┏━━

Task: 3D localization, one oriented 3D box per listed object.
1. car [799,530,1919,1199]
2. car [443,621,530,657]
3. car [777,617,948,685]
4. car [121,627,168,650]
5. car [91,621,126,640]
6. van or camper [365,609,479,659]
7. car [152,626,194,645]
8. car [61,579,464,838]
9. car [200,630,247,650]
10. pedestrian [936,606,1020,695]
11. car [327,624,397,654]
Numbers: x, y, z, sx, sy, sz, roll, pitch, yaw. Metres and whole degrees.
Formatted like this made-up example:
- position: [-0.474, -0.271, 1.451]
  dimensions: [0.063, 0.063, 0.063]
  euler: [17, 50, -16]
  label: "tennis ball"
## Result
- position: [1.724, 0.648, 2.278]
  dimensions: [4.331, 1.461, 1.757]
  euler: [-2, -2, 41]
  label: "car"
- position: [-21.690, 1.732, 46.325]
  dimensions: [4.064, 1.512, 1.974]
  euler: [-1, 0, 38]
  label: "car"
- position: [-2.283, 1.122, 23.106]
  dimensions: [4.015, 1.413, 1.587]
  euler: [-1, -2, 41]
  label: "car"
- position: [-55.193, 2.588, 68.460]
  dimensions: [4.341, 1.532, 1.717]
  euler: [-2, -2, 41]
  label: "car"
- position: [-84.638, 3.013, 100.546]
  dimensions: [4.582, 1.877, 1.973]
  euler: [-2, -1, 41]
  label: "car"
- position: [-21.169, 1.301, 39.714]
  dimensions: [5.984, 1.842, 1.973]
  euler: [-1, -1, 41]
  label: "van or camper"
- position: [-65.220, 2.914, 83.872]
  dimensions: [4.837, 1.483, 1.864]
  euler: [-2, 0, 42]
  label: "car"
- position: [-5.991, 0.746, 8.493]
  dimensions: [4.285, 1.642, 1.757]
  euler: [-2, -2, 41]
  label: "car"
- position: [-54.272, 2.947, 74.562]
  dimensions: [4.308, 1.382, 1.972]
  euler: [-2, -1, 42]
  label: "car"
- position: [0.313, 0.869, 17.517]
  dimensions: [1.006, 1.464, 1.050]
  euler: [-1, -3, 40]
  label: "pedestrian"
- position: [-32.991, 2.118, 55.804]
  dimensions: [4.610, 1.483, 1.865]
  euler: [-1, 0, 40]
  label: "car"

┗━━
┏━━

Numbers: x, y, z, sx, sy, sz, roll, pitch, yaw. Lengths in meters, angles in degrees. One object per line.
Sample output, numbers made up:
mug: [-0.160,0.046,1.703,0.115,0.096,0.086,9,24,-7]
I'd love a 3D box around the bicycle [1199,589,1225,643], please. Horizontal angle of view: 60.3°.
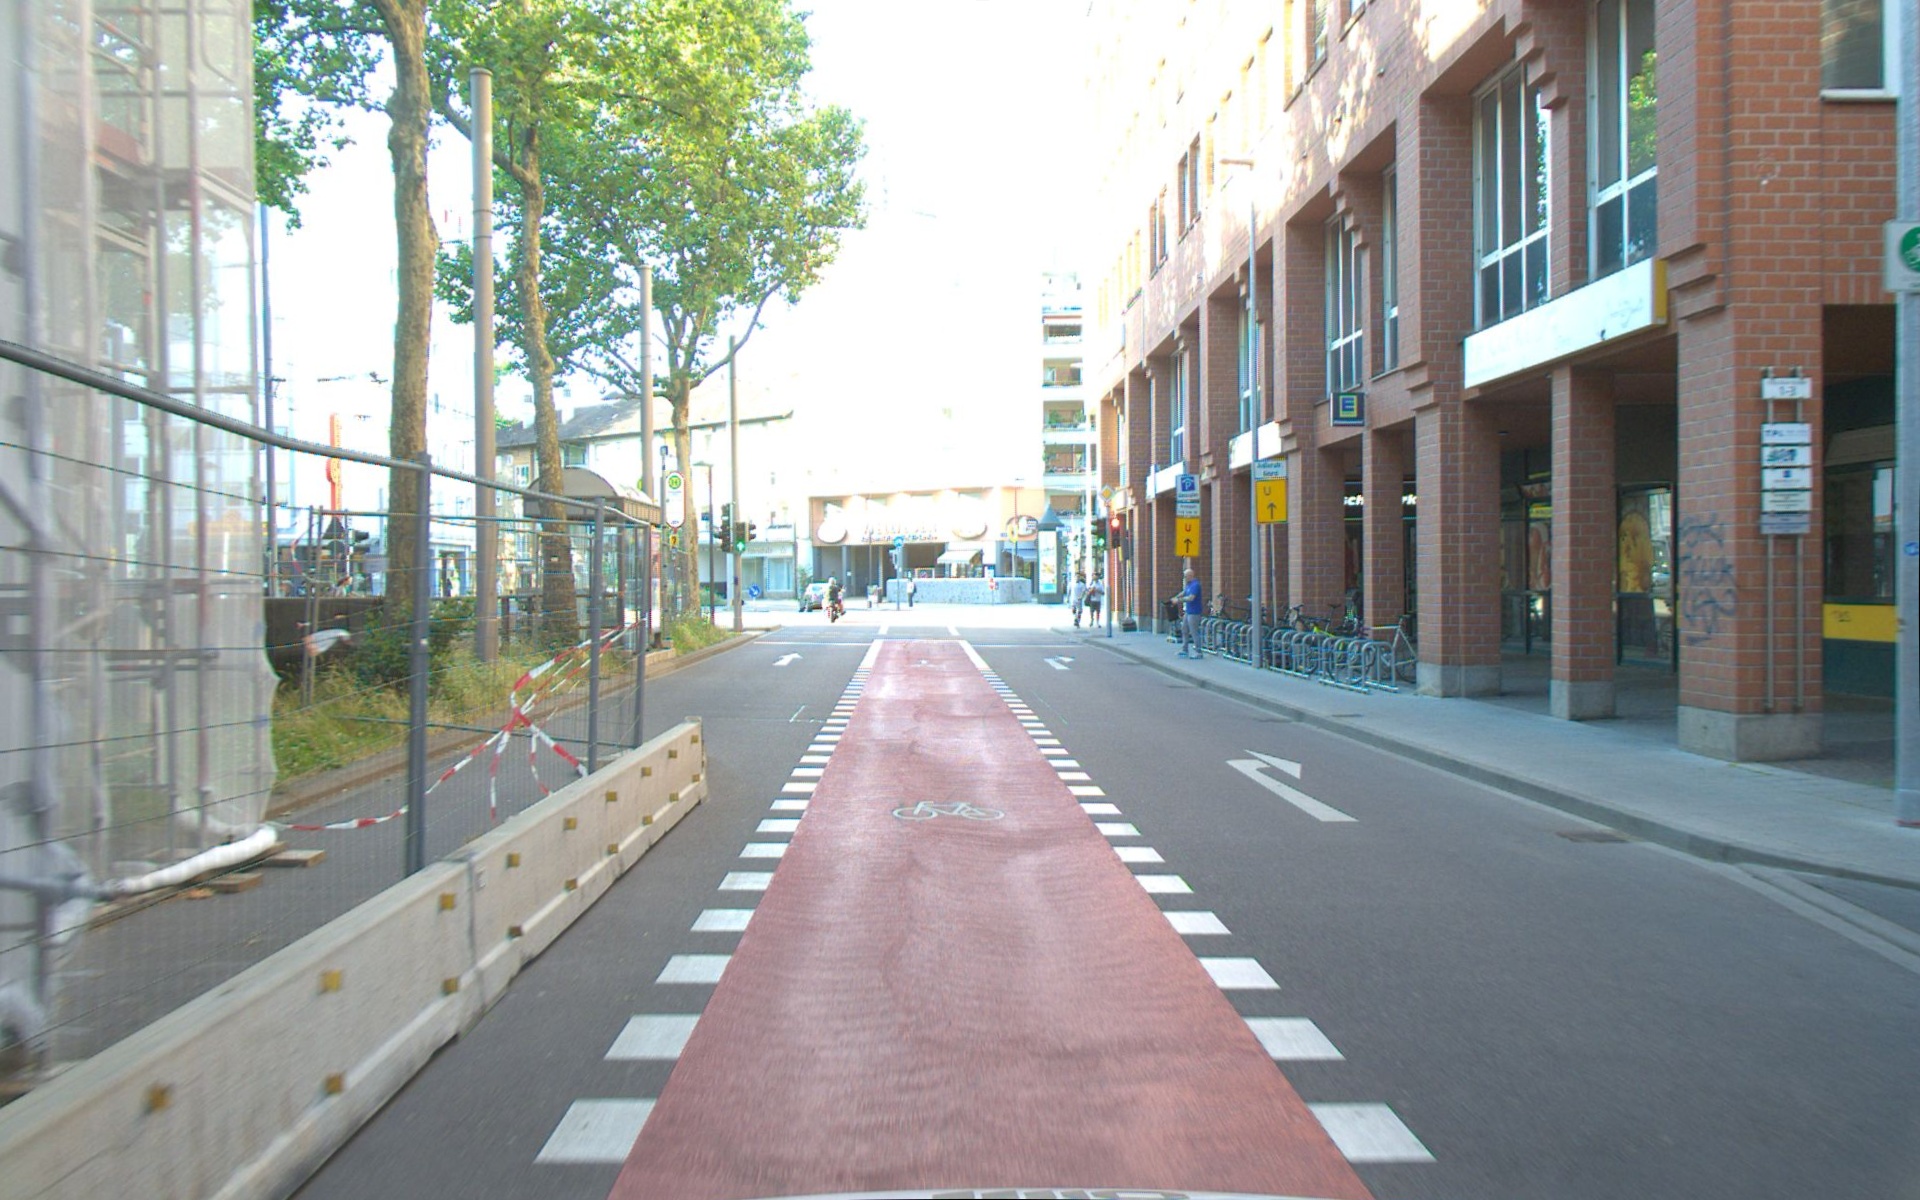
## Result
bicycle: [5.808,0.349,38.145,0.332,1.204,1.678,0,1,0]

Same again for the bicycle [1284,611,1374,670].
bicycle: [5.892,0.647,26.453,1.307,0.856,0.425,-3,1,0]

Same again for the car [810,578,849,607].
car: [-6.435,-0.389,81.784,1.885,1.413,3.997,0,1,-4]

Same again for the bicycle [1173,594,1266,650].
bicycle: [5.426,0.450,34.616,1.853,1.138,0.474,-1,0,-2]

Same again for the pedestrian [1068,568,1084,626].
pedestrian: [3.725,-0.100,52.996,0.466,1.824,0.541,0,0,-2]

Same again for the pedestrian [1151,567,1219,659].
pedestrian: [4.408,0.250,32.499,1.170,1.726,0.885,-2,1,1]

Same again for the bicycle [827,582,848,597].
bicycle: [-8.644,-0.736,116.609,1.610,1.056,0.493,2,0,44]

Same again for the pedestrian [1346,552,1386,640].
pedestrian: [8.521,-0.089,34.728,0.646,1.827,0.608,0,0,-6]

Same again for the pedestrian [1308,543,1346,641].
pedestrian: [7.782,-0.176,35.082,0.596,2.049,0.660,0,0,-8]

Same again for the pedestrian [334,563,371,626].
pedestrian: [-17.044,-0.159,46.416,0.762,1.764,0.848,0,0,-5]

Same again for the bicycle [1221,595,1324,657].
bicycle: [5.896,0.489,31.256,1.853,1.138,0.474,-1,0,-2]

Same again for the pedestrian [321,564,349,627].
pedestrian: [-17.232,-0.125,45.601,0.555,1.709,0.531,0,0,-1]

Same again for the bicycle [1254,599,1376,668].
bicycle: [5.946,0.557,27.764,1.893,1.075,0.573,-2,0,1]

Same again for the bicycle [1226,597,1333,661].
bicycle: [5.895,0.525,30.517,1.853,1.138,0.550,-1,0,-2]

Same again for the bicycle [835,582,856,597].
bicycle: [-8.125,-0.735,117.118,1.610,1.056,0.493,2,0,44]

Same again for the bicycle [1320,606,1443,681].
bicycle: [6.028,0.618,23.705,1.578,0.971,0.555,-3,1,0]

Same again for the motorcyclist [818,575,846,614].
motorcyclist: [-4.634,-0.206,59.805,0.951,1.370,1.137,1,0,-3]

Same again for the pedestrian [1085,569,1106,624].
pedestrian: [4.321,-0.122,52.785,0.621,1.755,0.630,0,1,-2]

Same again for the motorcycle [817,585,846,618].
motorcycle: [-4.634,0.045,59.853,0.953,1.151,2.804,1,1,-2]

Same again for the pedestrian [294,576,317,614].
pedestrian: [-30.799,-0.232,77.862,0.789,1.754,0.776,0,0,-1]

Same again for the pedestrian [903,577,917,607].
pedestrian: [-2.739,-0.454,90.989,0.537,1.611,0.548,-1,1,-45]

┗━━
┏━━

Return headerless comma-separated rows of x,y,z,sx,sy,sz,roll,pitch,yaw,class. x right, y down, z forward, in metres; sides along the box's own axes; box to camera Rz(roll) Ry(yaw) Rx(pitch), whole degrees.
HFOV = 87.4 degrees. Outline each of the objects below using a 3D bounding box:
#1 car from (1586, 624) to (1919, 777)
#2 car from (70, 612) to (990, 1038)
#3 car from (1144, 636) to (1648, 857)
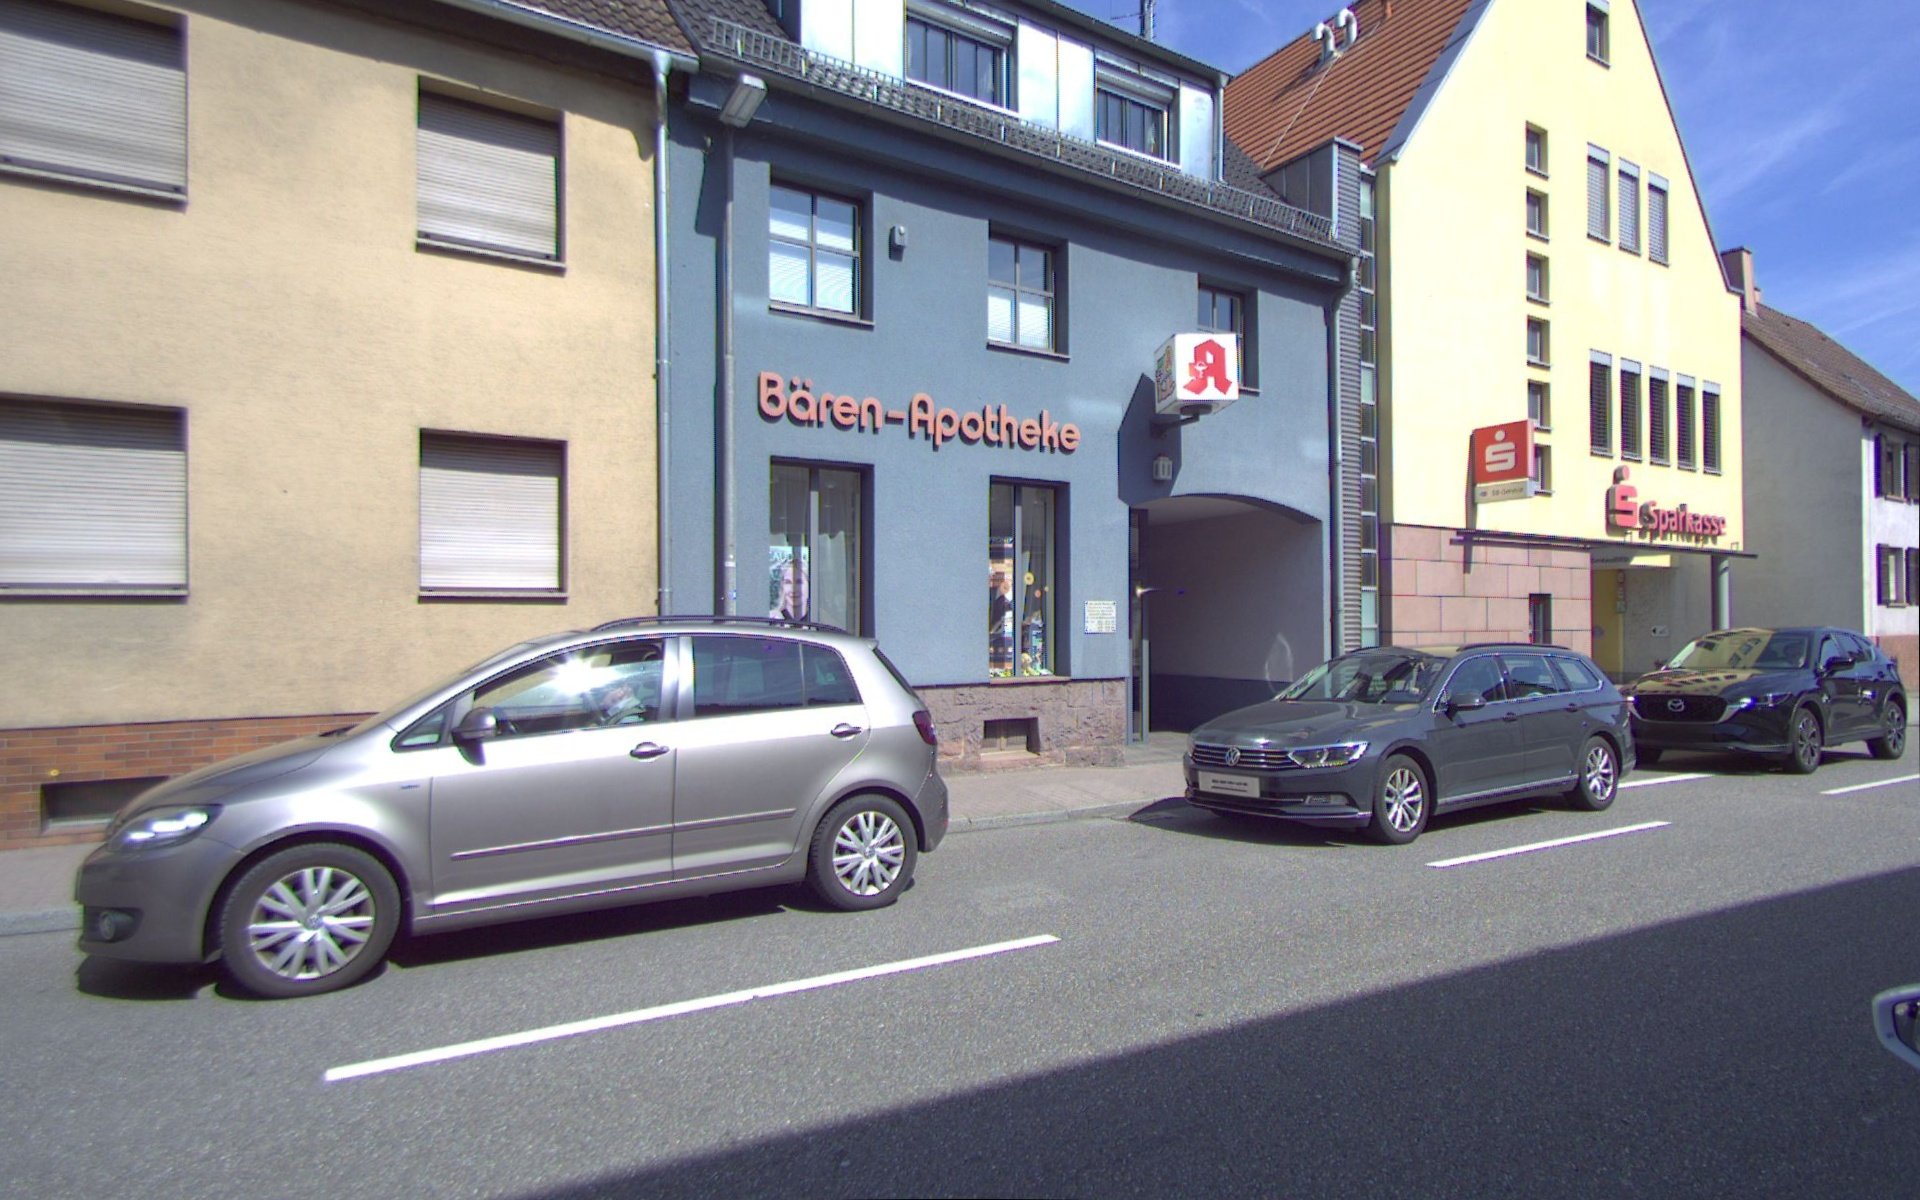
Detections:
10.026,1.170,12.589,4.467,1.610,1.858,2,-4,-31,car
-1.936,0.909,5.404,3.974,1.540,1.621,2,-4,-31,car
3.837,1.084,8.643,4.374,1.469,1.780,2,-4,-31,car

┗━━

• Work to be completed: Within the material above, transcribe exactly the lines that run from the line holding "Task: 3D localization, one" through the line holding "11. car [327,624,397,654]".

• Task solution:
Task: 3D localization, one oriented 3D box per listed object.
1. car [799,530,1919,1199]
2. car [443,621,530,657]
3. car [777,617,948,685]
4. car [121,627,168,650]
5. car [91,621,126,640]
6. van or camper [365,609,479,659]
7. car [152,626,194,645]
8. car [61,579,464,838]
9. car [200,630,247,650]
10. pedestrian [936,606,1020,695]
11. car [327,624,397,654]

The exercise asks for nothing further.